The battle for Black voters’ support in 2024 is in full swing.

Robert F. Kennedy Jr.
Independent Presidential candidate Robert F. Kennedy Jr. speaks during a campaign rally at Legends Event Center on December 20, 2023, in Phoenix, Arizona. | Source: Rebecca Noble / Getty

Likely seizing on reports that President Joe Biden has been losing support among Black voters, the Democratic Party’s most loyal base, independent presidential candidate Robert F. Kennedy Jr.’s campaign scheduled a roundtable discussion with Black women for this weekend.

Specifically, Kennedy’s event slated for Saturday night in Atlanta was publicized to the media as one that would discuss “pressing issues facing Black America,” including “the Black maternal health crisis, media censorship, gender in sports, gun violence, and the advancement of Black-owned businesses.”

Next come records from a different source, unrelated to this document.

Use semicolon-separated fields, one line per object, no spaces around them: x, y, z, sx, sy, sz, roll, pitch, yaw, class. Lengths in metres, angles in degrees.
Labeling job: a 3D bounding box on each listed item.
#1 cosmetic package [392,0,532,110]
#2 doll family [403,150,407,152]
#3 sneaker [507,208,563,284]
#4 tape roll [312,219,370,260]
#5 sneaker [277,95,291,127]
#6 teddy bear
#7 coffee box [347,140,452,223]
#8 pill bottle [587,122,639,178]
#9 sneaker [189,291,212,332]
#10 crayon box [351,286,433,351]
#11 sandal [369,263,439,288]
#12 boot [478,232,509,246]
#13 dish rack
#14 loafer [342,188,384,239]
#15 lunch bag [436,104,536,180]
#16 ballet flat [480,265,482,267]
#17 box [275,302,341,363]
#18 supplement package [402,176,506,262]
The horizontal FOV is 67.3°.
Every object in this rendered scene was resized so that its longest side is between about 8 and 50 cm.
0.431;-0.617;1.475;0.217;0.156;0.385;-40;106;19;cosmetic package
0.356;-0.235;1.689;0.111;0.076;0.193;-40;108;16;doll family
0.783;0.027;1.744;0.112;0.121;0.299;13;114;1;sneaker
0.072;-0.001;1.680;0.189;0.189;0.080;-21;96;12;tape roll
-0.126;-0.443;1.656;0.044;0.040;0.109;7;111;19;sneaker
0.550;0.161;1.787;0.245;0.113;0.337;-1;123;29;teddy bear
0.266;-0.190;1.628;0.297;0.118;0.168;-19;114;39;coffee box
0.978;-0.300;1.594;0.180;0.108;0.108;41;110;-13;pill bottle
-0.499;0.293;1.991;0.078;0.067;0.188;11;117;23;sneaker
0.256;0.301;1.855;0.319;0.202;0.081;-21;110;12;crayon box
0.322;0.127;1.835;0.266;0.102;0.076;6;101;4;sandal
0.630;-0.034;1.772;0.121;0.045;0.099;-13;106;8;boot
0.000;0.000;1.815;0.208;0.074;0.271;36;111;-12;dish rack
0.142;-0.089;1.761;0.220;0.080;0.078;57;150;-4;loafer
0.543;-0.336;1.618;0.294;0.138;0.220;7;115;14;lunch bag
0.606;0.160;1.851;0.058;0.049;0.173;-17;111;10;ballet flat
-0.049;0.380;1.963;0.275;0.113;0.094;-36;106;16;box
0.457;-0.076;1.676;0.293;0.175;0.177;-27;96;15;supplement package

Kennedy is expected to engage in discussion with Angela Stanton King, political spokesperson and founder of non-profit Auntie Angie’s House; WNBA star Angel McCoughtry; Alexia Adams, a former basketball player; influencer Tatiana Davenport; and media personality Shay McCray; Atlanta-based journalist and best-selling author Christal Jordan is set to moderate the discussion, according to a media advisory sent to NewsOne.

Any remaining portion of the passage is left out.